At the company’s factory in Plymouth 800 men and women make the dresses and suits.
Paper patterns are cut out. Using the pattern as a guide a band saw cuts out parts for a hundred or more dresses at one go.
The paper pattern is used to check the accuracy of the cut.
This is how a skirt is pleated it’s something like a venetian blind - though less revealing.
The skirt is rolled up and goes into a steam cabinet which sets the pleats.
Overlock applicaion prevents the edges of the material fraying.
And how long, ladies, does it take you to pipt a neat button-hole?

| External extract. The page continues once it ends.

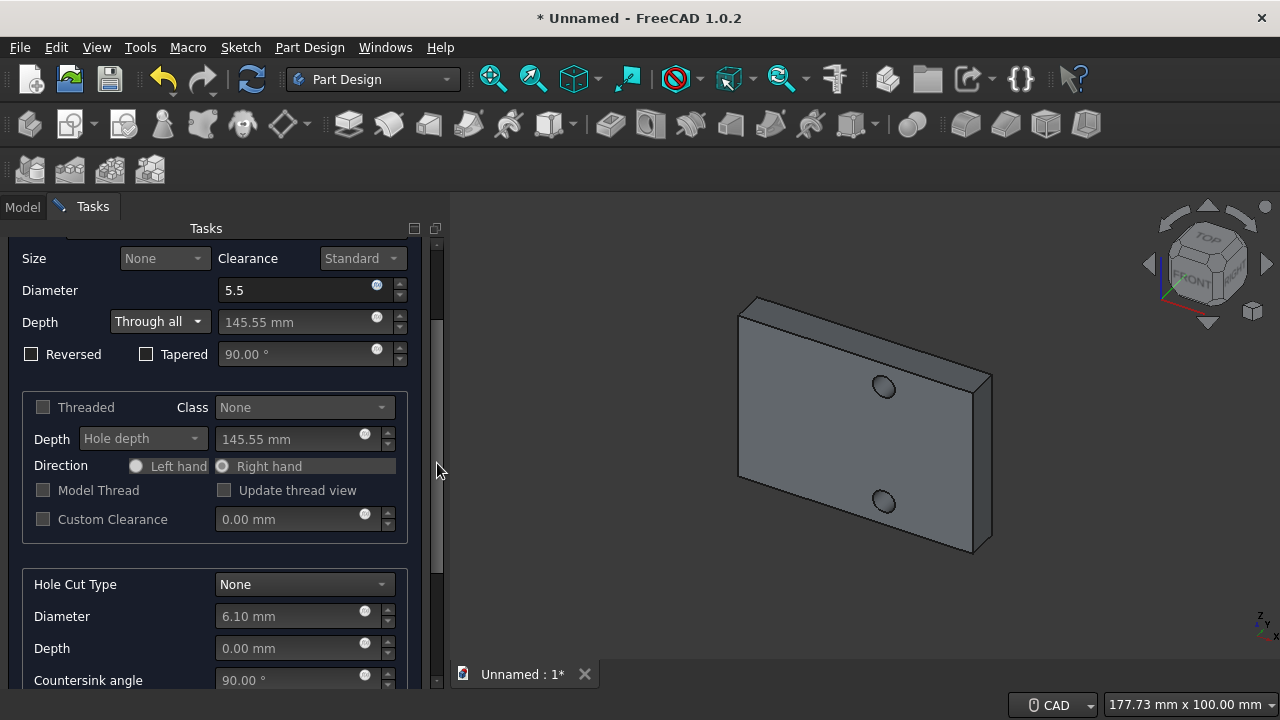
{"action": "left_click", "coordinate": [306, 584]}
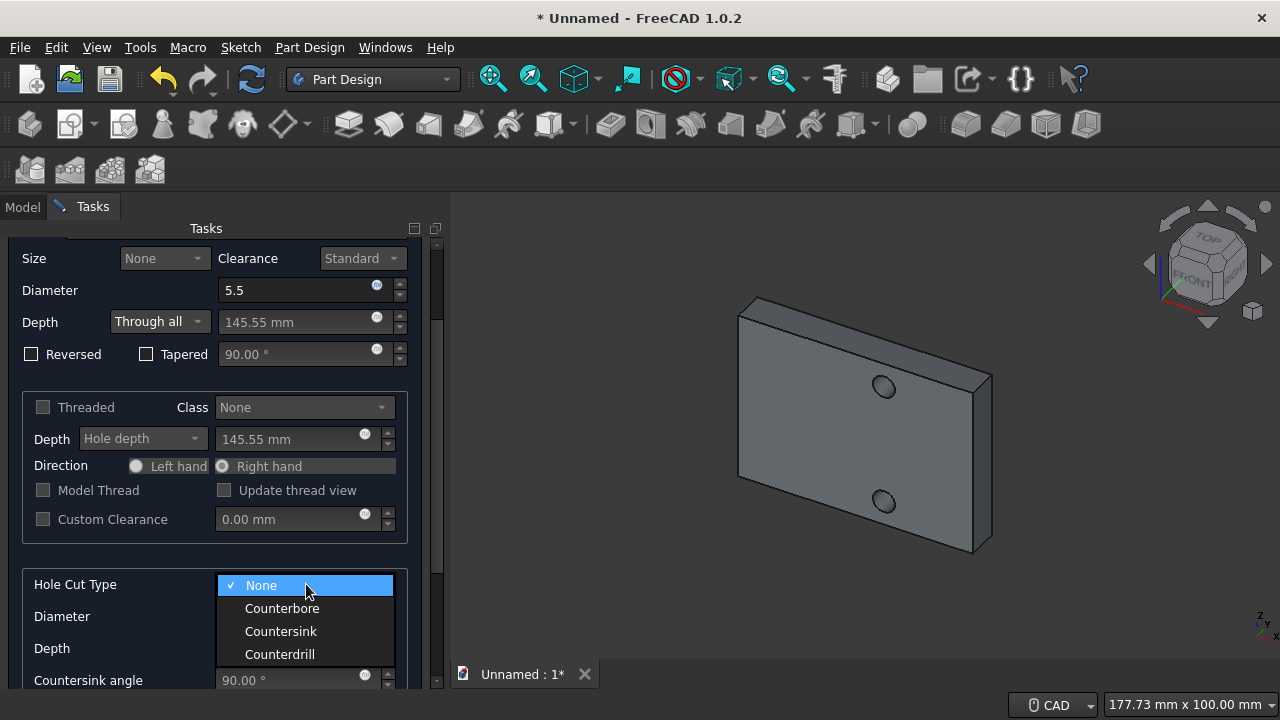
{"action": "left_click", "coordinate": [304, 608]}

Blind stitching a hem - another laborious task for the home dressmaker.
And what about zips - straight as a die and neatly hidden.
Putting in a dart.
And so part by part the dresses and suits are assembled.
Sally here, wearing a dress that she helped to make, dashes away with a steaming iron in the finishing section.
And at the end of the line Mrs. Austin adds the final touches such as belts.
A dust cover for the journey to the shops.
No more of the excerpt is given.